SWBAT identify the complement of a set

Complements of a set represent everything that is not in the set.

15 minutes

After we have introduced the notation for the intersection, union, set builder notation and subset notation, students are ready to work with the complement of a set. I could have introduced the complement earlier, but many of the problems we deal with attach previous concepts to the complement questions.

I start with the symbols associated with the complement of a set. As I mentioned in previous lessons, I think this is a powerful way of hooking students into the world of set notation. They will begin to see the value of mathematics as a language as well as a problem solving tool.

After we establish a basic working definition of complement, we ask students to write their own version of the definition. Students might write something like, “A^{~} represents all the stuff not in the set A.” Then we continue to develop the definition of a complement using a Venn Diagram with two sets and another with 4. I leave the diagrams blank and fill them in with numbers as we teach. I highlight the significance of certain overlapping regions and stress that the complement of one set is simply not another because many sets live in a universe of numbers beyond their own. For example, A might equal {1,2,3} and B might equal {3,4,5}. The complement of A might just by 4 and 5, but what if A and B were subsets of an entire number universe including all natural numbers. Then the complement of A would {4,5,6,7,8,…}. By thinking carefully about the universe of numbers in which each set lives changes a problem with a small answer to one with an infinite answer.

We then support this with a Venn diagram representing two sets and then another representing 3.

30 minutes

The variety of questions from this lesson combine work from the previous lessons. Students navigate through questions using set notation, intersection etc.

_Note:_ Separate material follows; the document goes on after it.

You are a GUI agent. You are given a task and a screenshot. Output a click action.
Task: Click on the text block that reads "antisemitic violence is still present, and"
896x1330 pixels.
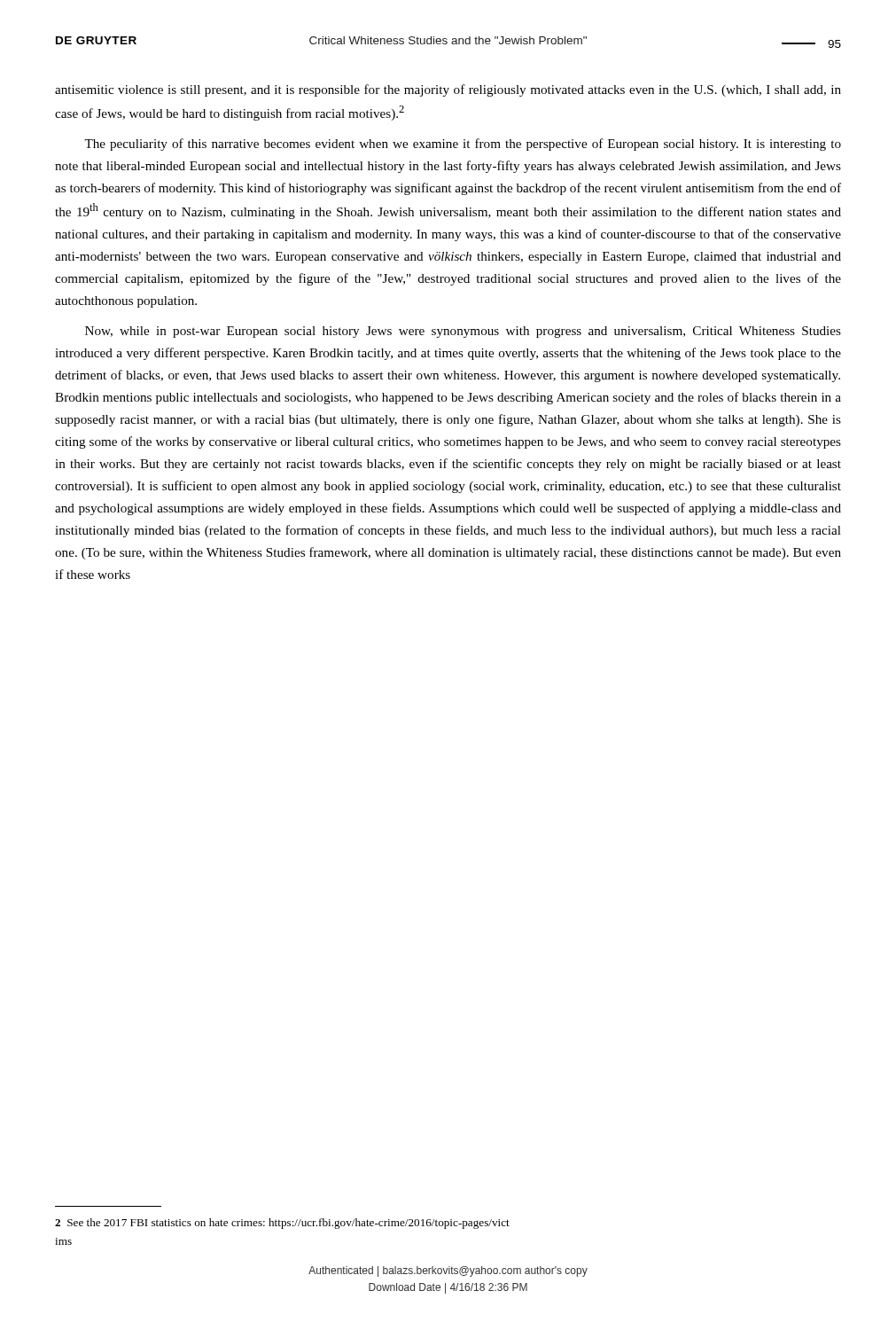[x=448, y=332]

I partner students up and have them work on the complement problems from our Set Builder Template: Set Builder Template

My goal is to gather misconceptions for the summary and scoop up interesting algorithms and strategies. However, the way I circulate so fast around the room is to quickly engage students on the concept of a complement by drawing several types of Venn Diagrams and asking them questions to follow up and assess their understanding of the start up. For example, I might draw two intersecting circles, label one as A and the other as B and then make a comment, "Sue told me that the complement of A is *everything* in B. What do you think?" This question is meant to help students realize that the intersection of A and B is not included in the complement. To follow up, I might ask them to create a scenario where Sue is correct. "Could you draw to circles so that the complement of A is *everything in B?*" Here the goal would be to draw two mutually exclusive circles. "Is it possible to draw a diagram so that the complement of A is *nothing in B?"* Here their only option is to make B a subset of A or exactly equal to A."

These conversations and their responses really help me think about the class discussion at the end.

15 minutes

I review any question that students had unique approaches or questions around, but I like make sure I cover Problem_15. This question is confusing because students find the complement to a set and get {1,2,5,7,9,12}. However the question asks students to list their answer in set notation. Students attempt to use set builder notation, but that is quite difficult as there is no easy way to define these numbers. It is important to help students realize that they can just list the numbers in a pair of brackets in these types of situations.